I bonus fanno discutere sin dalla loro ‘invenzione’ in piena emergenza coronavirus: chi ne ha usufruito, chi non li ha mai visti, chi non li ha capiti, chi non ne ha trovato giovamento, come nel caso di Pc e Tablet che andiamo ad esaminare insieme al sito Paragone.it.

“Sono state tantissime le segnalazioni, molte delle quali arrivate direttamente al Ministero dell’Istruzione, che denunciavano l’impossibilità di seguire le lezioni o a causa di connessioni scarse, o per mancanza di adeguati supporti elettronici”.

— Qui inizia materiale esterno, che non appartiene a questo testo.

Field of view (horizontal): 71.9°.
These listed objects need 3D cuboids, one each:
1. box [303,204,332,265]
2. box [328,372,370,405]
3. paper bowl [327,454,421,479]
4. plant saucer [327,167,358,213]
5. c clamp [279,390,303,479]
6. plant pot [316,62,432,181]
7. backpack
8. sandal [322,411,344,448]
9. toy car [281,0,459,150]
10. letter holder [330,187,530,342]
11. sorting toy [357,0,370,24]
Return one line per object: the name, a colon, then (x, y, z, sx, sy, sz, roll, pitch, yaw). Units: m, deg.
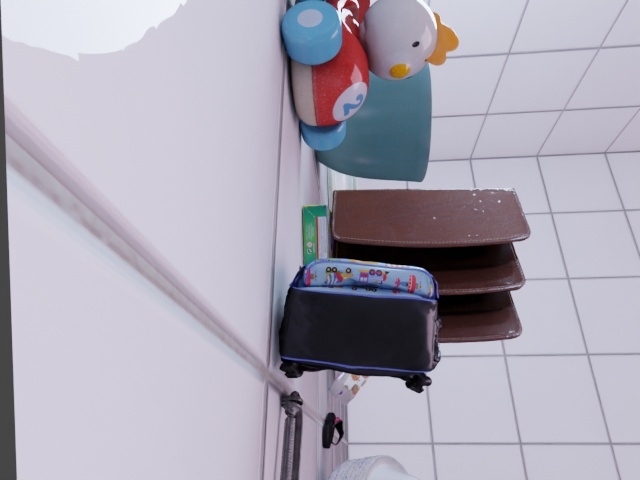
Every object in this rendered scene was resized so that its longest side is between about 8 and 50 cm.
box: (0.000, 0.000, 0.759, 0.179, 0.043, 0.105, 27, 62, -87)
box: (0.142, 0.312, 1.200, 0.324, 0.063, 0.067, -35, 163, -44)
paper bowl: (0.129, 0.540, 0.789, 0.284, 0.148, 0.285, 44, 34, -41)
plant saucer: (0.084, -0.193, 1.587, 0.400, 0.100, 0.401, -2, 90, -86)
c clamp: (-0.028, 0.215, 0.418, 0.161, 0.022, 0.137, -87, 173, -45)
plant pot: (0.104, -0.270, 0.980, 0.293, 0.234, 0.294, -3, 90, -86)
backpack: (0.039, 0.083, 0.480, 0.173, 0.158, 0.117, 69, 26, -85)
sandal: (0.031, 0.424, 0.978, 0.179, 0.040, 0.067, 71, 18, -76)
toy car: (0.079, -0.265, 0.621, 0.219, 0.237, 0.211, 77, 12, -66)
letter holder: (0.169, 0.039, 0.716, 0.215, 0.301, 0.152, -85, 173, -45)
sorting toy: (-0.011, -0.484, 0.661, 0.126, 0.127, 0.366, 56, -11, 31)
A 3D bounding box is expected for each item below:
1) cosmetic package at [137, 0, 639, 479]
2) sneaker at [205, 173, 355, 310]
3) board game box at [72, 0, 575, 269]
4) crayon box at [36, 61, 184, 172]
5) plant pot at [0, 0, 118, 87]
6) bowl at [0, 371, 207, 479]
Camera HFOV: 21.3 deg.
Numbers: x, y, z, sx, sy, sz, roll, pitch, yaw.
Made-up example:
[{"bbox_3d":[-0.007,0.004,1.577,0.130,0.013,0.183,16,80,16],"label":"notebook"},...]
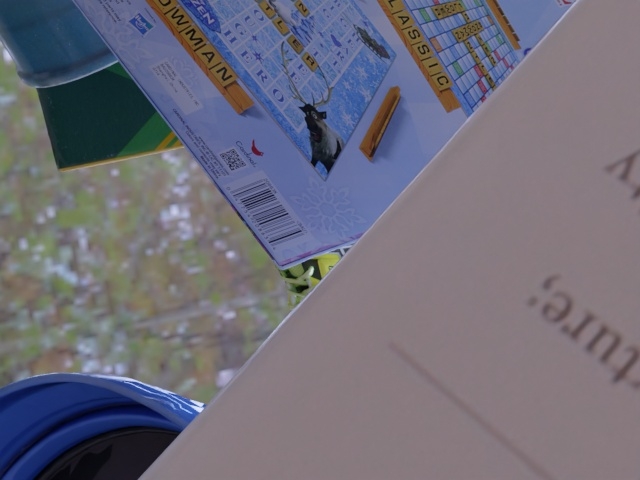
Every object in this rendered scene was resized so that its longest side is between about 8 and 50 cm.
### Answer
[{"bbox_3d":[0.141,0.173,0.418,0.393,0.327,0.329,-47,-122,-3],"label":"cosmetic package"},{"bbox_3d":[0.000,0.000,1.955,0.145,0.385,0.147,-7,-127,49],"label":"sneaker"},{"bbox_3d":[0.011,-0.158,0.888,0.318,0.066,0.318,-19,-64,40],"label":"board game box"},{"bbox_3d":[-0.037,-0.134,1.347,0.323,0.203,0.083,-7,-80,36],"label":"crayon box"},{"bbox_3d":[-0.183,-0.297,1.268,0.272,0.271,0.255,-2,-51,50],"label":"plant pot"},{"bbox_3d":[-0.114,0.268,0.948,0.391,0.077,0.391,-2,-94,39],"label":"bowl"}]
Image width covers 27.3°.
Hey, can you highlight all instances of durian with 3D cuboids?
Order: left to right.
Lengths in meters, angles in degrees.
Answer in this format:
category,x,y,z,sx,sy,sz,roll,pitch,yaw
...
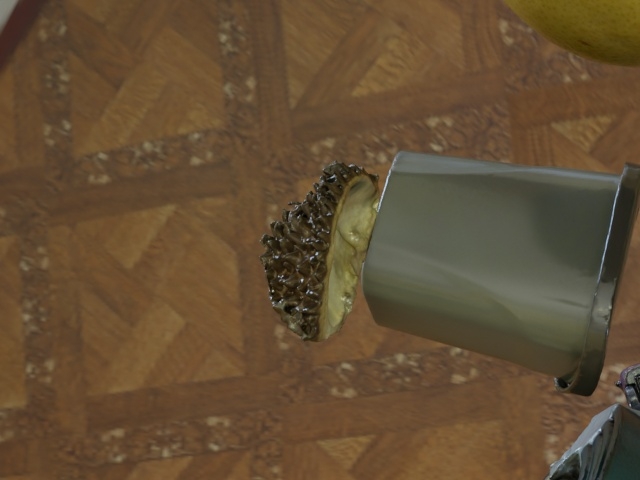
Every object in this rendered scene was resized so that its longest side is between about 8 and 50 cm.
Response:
category,x,y,z,sx,sy,sz,roll,pitch,yaw
durian,0.008,-0.002,0.746,0.052,0.066,0.130,-34,27,47

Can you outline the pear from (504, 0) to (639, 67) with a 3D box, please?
category,x,y,z,sx,sy,sz,roll,pitch,yaw
pear,0.252,-0.287,1.026,0.314,0.314,0.314,-5,78,24

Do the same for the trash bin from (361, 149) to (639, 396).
category,x,y,z,sx,sy,sz,roll,pitch,yaw
trash bin,0.187,0.022,1.355,0.250,0.219,0.220,11,67,15

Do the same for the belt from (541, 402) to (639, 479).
category,x,y,z,sx,sy,sz,roll,pitch,yaw
belt,0.282,0.355,1.348,0.173,0.436,0.300,29,131,2

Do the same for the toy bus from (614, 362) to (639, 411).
category,x,y,z,sx,sy,sz,roll,pitch,yaw
toy bus,0.422,0.229,1.594,0.086,0.098,0.178,-18,86,5
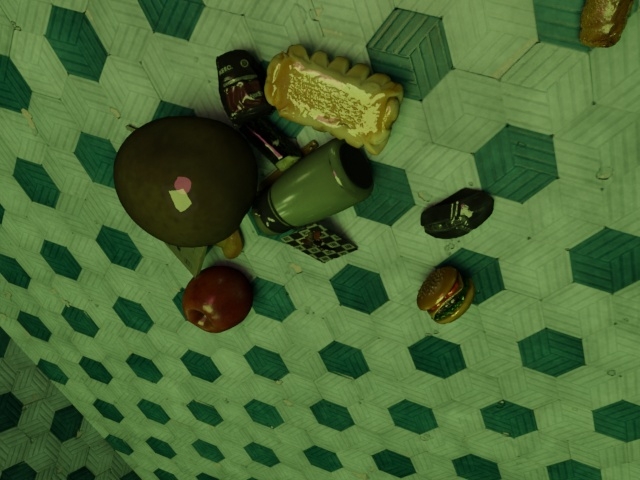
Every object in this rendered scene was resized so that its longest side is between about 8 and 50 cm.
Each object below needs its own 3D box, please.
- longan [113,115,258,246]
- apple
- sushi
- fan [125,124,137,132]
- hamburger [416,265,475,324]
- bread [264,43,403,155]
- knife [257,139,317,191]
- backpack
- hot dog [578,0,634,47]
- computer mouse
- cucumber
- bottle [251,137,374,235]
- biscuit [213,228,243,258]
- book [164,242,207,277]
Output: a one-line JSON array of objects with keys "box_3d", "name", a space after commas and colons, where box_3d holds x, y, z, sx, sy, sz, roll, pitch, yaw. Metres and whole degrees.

La ministra Azzolina era stata chiara, a luglio: “Previsti anche voucher per le famiglie: fino a 500 euro, in base all’Isee, per connessioni veloci, pc e tablet”. Ma con il passare dei giorni si scopre la ‘fregatura’. Un lettore scrive a Gianluigi Paragone: “Dal 9 novembre sono in linea le proposte di vari gestori. Ognuno fa come gli pare: il contratto minimo doveva essere di 12 mesi invece Tim propone 20 mesi, tablet a prezzi spropositati rispetto il mercato..”. Ognuno fa come gli pare???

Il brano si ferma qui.